The petition concerned the use of what are commonly referred to as “monetary bail schedules,” where bail amounts are pre-determined, based upon specific offences. The practice allows later adjustment once a defendant appears before a judge.

In Walker’s case, he was jailed because he could not afford to pay $168 in traffic fines and had no means of communicating with a family member to obtain the funds. Leading the position that he, and others in their situation, are jailed simply because they are poor.

The petition questioned whether conducting arbitrary individual reviews of bails set by a schedule within 48 hours meets constitutional muster or instead discriminates against the poor, according to the American Bail Coalition.

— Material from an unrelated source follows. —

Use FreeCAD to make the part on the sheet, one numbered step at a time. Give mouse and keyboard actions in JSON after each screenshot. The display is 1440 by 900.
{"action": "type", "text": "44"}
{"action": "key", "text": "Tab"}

The Eleventh Circuit Court of Appeals upheld, on a 2-1 decision, the use of monetary bail schedules. As a result of the suit, the city of Calhoun created a new standing order on bail.

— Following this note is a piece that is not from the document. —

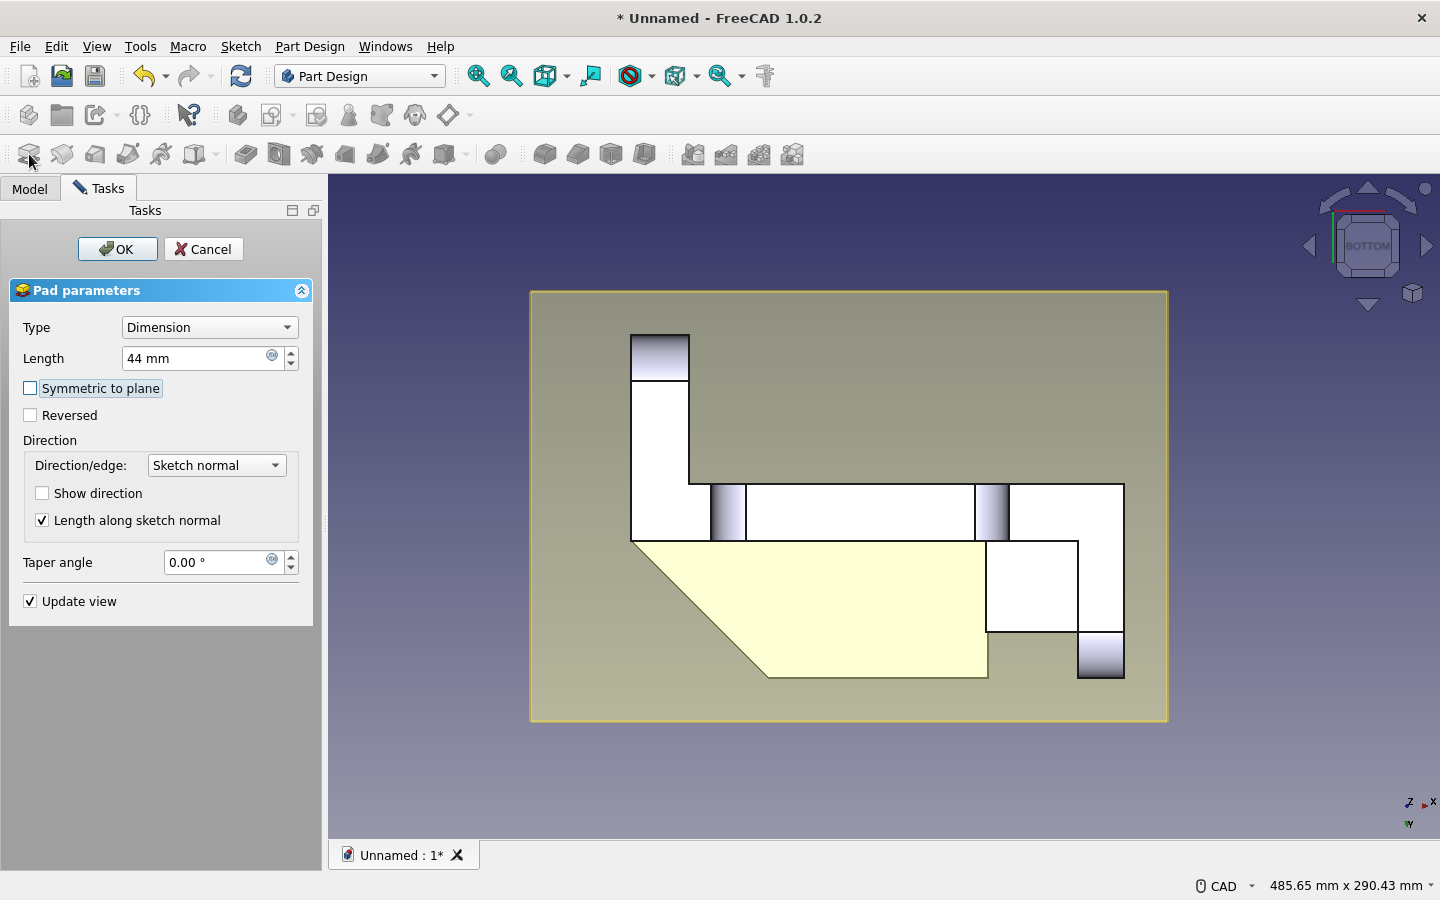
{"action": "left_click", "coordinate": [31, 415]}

It allowed for the use of schedules but required defendants to be heard by a judge within 48 hours, in which they could request a reduction in bail or be released on their own recognizance.

“The Supreme Court today sent a very strong message that monetary bail and bail schedules are constitutional if the proper due process procedures are followed,” Jeff Clayton, Executive Director of the American Bail Coalition, said in a statement.

“It has a been a long, hard and expensive road to get here,” Clayton said.

In denying to hear the Petition (denial of cert), the Supreme Court has also affirmed that rational basis review is the appropriate standard for reviewing claims of wealth-based discrimination under the equal protection clause. “This is contrary to the ruling of two federal district judges who decided to apply intermediate scrutiny and strict scrutiny,” Clayton said.

The denial of cert is considered a milestone victory for constitutional law and the commercial bail industry. “Then-U.S. Attorney General Eric Holder first filed a statement of interest in Varden v. City of Clanton in 2015, arguing against the use of bail schedules,” Clayton added.

“Since that time, we have been waiting for a signal from the U.S. Supreme Court as to whether the use of money bail schedules is constitutional. Today, we can say without hesitation, we know their answer,” he said.